Más
Un bonito y significativo adorno religioso, muy original. Realizado en metal dorado, una caja pequeña que forma el arca de la alianza, con los tres elementos que contenía en la misma biblia, el maná, las tablas de la ley y la rama de Aarón.
Medida: 10 X 6 cm
¿CUALES ERAN LOS TRES OBJETOS QUE CONTENÍA EL ARCA DE LA ALIANZA?
El Arca de la Alianza no era un objeto cualquiera. Era el lugar más sagrado, donde Dios ordenó guardar tres elementos que resumían momentos clave entre Él y su pueblo. No eran simples recuerdos antiguos… cada uno llevaba un mensaje profundo que sigue teniendo significado hoy.
La Biblia lo describe claramente:
“En el arca… estaban una urna de oro que contenía el maná, la vara de Aarón que reverdeció, y las tablas del pacto.” — Hebreos 9:4
El primer objeto eran las tablas de piedra con los Diez Mandamientos. Estas tablas representaban el pacto. Dios había hablado en el monte y dejó su voluntad escrita. No eran solo normas, eran dirección. Eran la base para caminar correctamente. Recordaban que Dios no abandona a su pueblo a la confusión, sino que le muestra el camino.
El segundo objeto era la vasija de oro con maná. Ese alimento descendió del cielo cuando el pueblo estaba en el desierto y no tenía nada. Cada mañana aparecía lo necesario para ese día. El maná se convirtió en un recordatorio constante de que Dios provee incluso cuando no hay recursos visibles. Era la señal de que la dependencia en Dios trae sustento.

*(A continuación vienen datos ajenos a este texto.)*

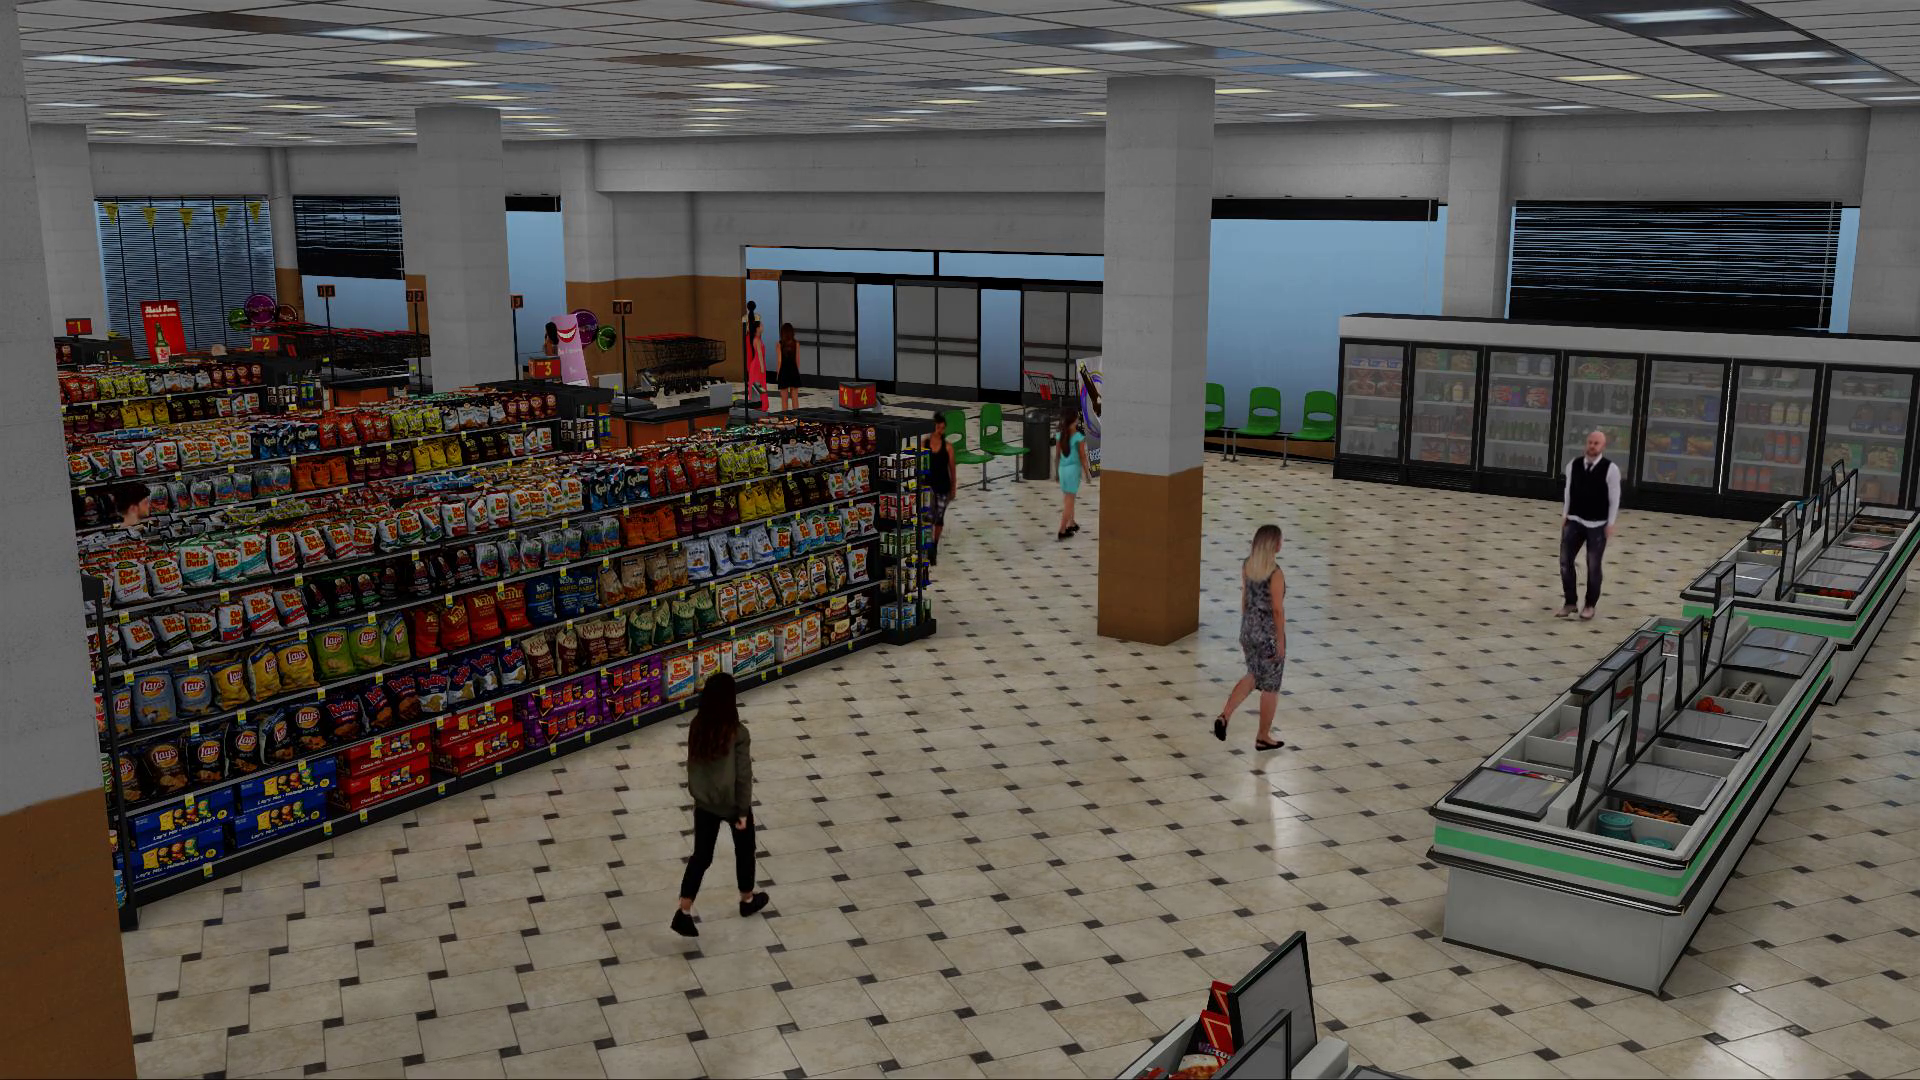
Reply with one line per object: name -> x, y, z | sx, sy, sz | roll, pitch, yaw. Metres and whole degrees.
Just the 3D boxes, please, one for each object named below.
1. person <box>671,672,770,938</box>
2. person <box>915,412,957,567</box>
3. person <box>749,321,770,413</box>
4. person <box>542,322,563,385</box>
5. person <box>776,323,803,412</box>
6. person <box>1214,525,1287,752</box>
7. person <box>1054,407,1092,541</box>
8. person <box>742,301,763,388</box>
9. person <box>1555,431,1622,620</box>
person -> -1.350, 1.463, 9.074 | 0.707, 1.447, 1.020 | 5, 13, 22
person -> -0.269, -0.569, 18.289 | 1.028, 1.627, 1.164 | 0, 12, -1
person -> -3.651, -3.102, 30.074 | 0.746, 1.727, 0.712 | -4, 13, -19
person -> -7.538, -3.216, 30.814 | 0.783, 1.645, 0.636 | 2, 12, 8
person -> -2.907, -2.763, 28.203 | 0.627, 1.835, 0.724 | -5, 13, -22
person -> 2.096, 0.733, 11.963 | 0.923, 1.685, 0.776 | -7, 14, -30
person -> 1.242, -0.761, 19.411 | 0.605, 1.541, 0.780 | 11, 16, 42
person -> -4.305, -4.076, 34.542 | 0.642, 1.792, 0.746 | -5, 13, -22
person -> 6.009, -0.140, 15.817 | 0.737, 1.807, 0.764 | 10, 16, 40

El tercer objeto era la vara de Aarón que floreció. Una vara seca, sin vida, que de repente dio brotes. Dios la hizo florecer para mostrar a quién había escogido. Este objeto hablaba de autoridad, pero también de algo más profundo: Dios puede traer vida donde parece no haber nada. Lo que está seco, Él lo hace reverdecer.
Tres objetos con tres mensajes claros.
Las tablas mostraban dirección.
El maná hablaba de provisión.
La vara florecida anunciaba vida y elección.
El Arca de la Alianza no guardaba sólo elementos físicos… guardaba la memoria viva de cómo Dios guía, sostiene y levanta. Y ese mismo mensaje sigue vigente: cuando no sabes qué hacer, Dios da dirección; cuando falta todo, Dios provee; y cuando algo parece muerto, Dios puede hacerlo florecer nuevamente.